By Frazer Hunt, Partner and Sara Menzies, Law Graduate
In the recent decision of Outback Music Festival Group Pty Ltd (formerly known as Big Run Events Pty Ltd) v Everest Syndicate 2786 at Lloyd’s  FCA 13, the Federal Court determined that the respondent insurers were entitled to rely upon a communicable disease exclusion clause to decline a $3.18 million claim for indemnity under an event cancellation policy issued to organisers of the “Big Red Bash” music festival.
The insured was the organiser of an annual music festival known as the “Big Red Bash”, which was due to take place in remote Queensland in July 2020. On 24 March 2020, the insured decided to cancel the event, in light of the COVID-19 pandemic.
The insured made a claim under its event cancellation policy for its loss in the amount of $3.18 million. The insurers declined the claim in reliance on the communicable disease exclusion clause in the policy, which read:
“This Insurance does not cover any loss directly or indirectly arising out of, contributed to by, or resulting from…
6.20 any communicable disease or threat or fear of communicable disease….which leads to:
6.20.1. the imposition of quarantine or restriction in movement of people or animals by any national or international body or agency;
6.20.2 any travel advisory or warning being issued by a national or international body or agency”.

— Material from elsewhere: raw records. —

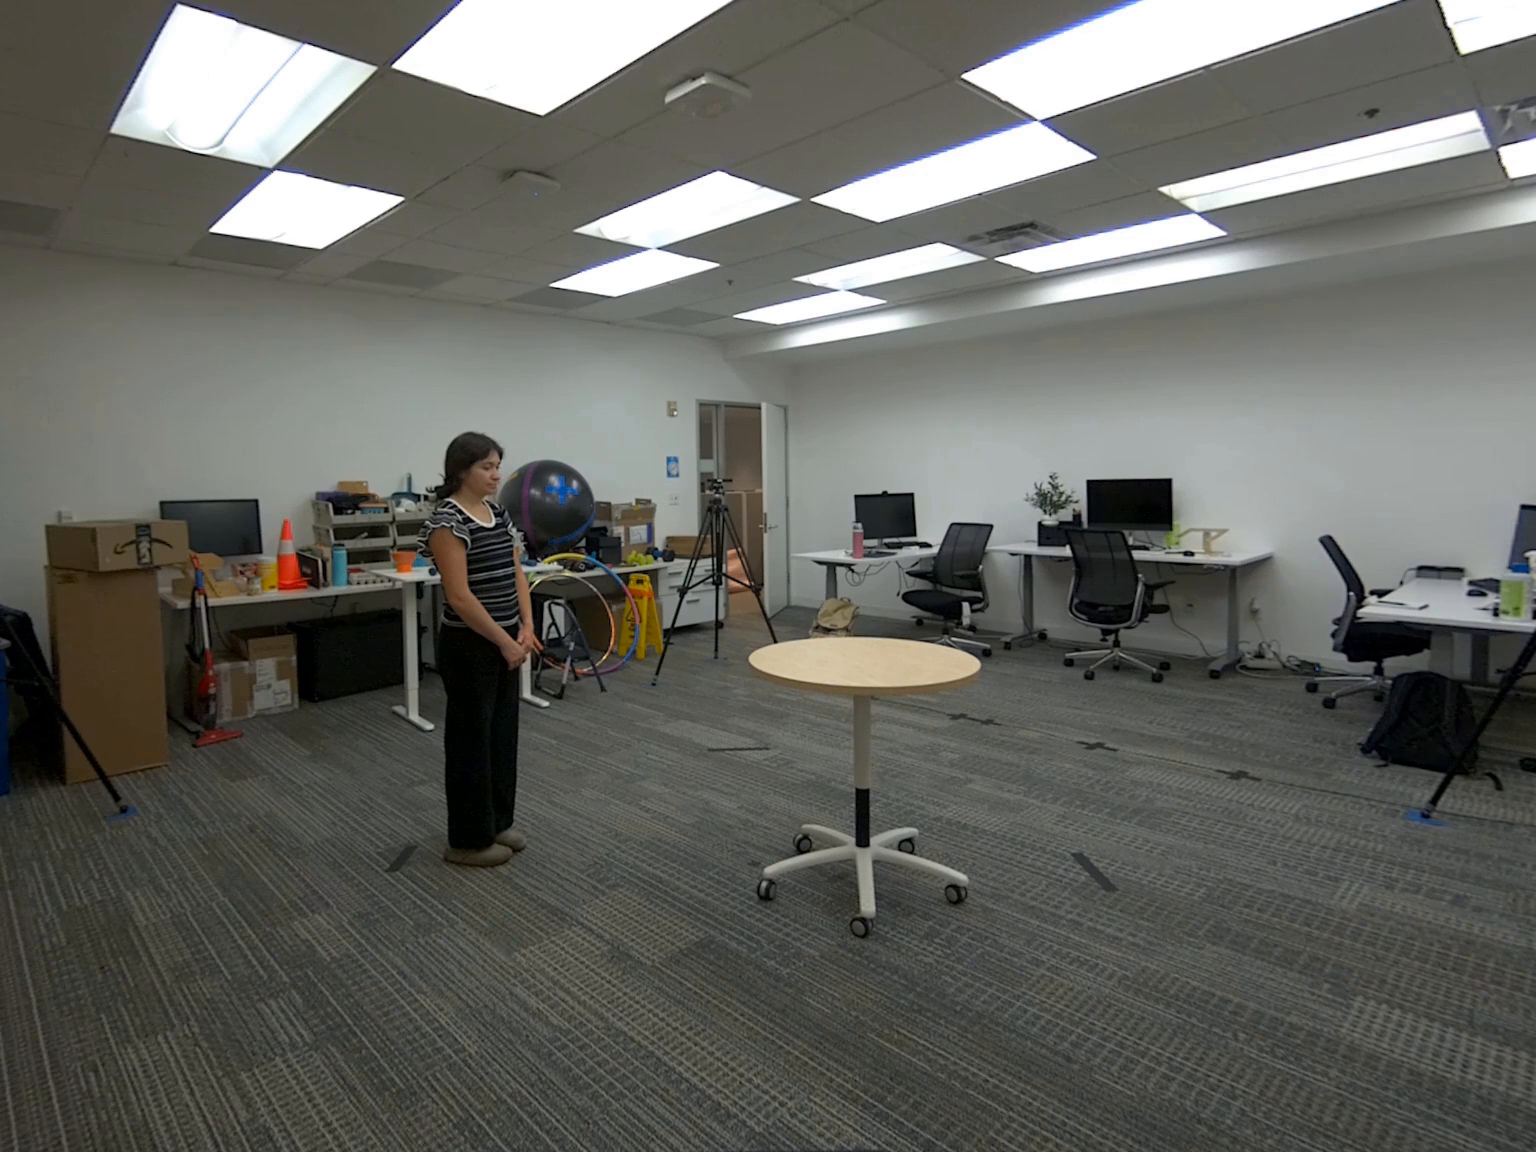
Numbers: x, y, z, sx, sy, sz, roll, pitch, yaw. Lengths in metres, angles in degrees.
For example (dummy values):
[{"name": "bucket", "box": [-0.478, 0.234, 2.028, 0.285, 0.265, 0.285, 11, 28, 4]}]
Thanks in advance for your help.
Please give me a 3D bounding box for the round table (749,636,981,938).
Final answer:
[{"name": "round table", "box": [0.314, 0.669, 2.900, 0.763, 0.791, 0.768, -1, 5, -2]}]
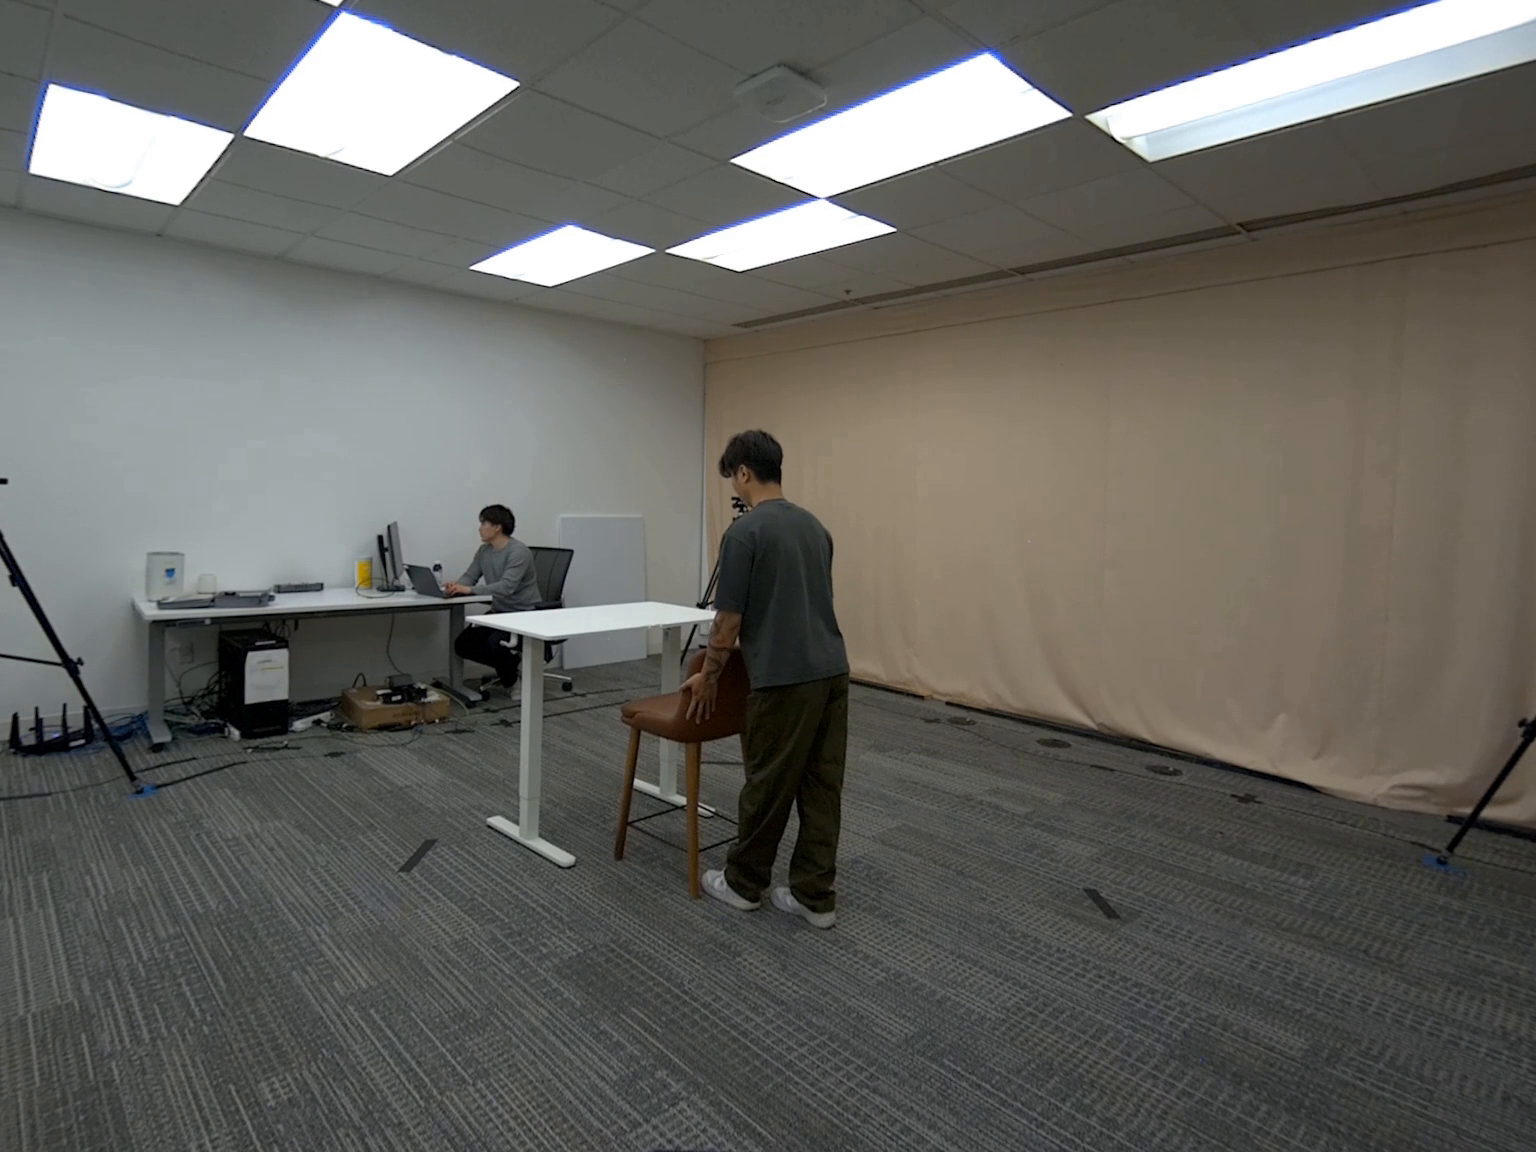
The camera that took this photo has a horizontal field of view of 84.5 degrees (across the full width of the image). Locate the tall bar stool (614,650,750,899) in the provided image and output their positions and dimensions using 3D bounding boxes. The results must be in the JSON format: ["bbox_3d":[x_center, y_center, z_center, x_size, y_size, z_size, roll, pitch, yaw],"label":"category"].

The insured disputed the insurer’s rejection of the claim in the Federal Court and the matter was heard by Chief Justice Allsop.
Chief Justice Allsop found that the respondent insurers had validly relied upon the communicable disease exclusion clause in the policy.
The communicable disease exclusion clause enlivened
The insured argued that the requisite elements of clause 6.20 had not been satisfied on two grounds. Firstly, the loss was not caused by the imposition of quarantine, restrictions of movement or any travel advisory or warning. The insured relied on the minutes of a meeting held by the organisers on 24 March 2020 as evidence that the event was cancelled due to a multitude of health and safety, operational and reputational issues caused by COVID-19.
Chief Justice Allsop rejected this argument on the basis that clause 6.20 does not require any causal connection between the restrictions on movement, travel advisory or warning and the loss suffered. The text of the clause, read in the context of the entire policy, only required that:
- the loss arose directly or indirectly from a communicable disease; and
- the communicable disease in question led to restrictions in movement or travel advisory or warnings being issued by a national or international body or agency.
In any event, the Court observed that even if there were a causal requirement, it would be satisfied because it was clear from the minutes of the organiser’s meeting that travel restrictions were a material factor which contributed to the decision to cancel the event.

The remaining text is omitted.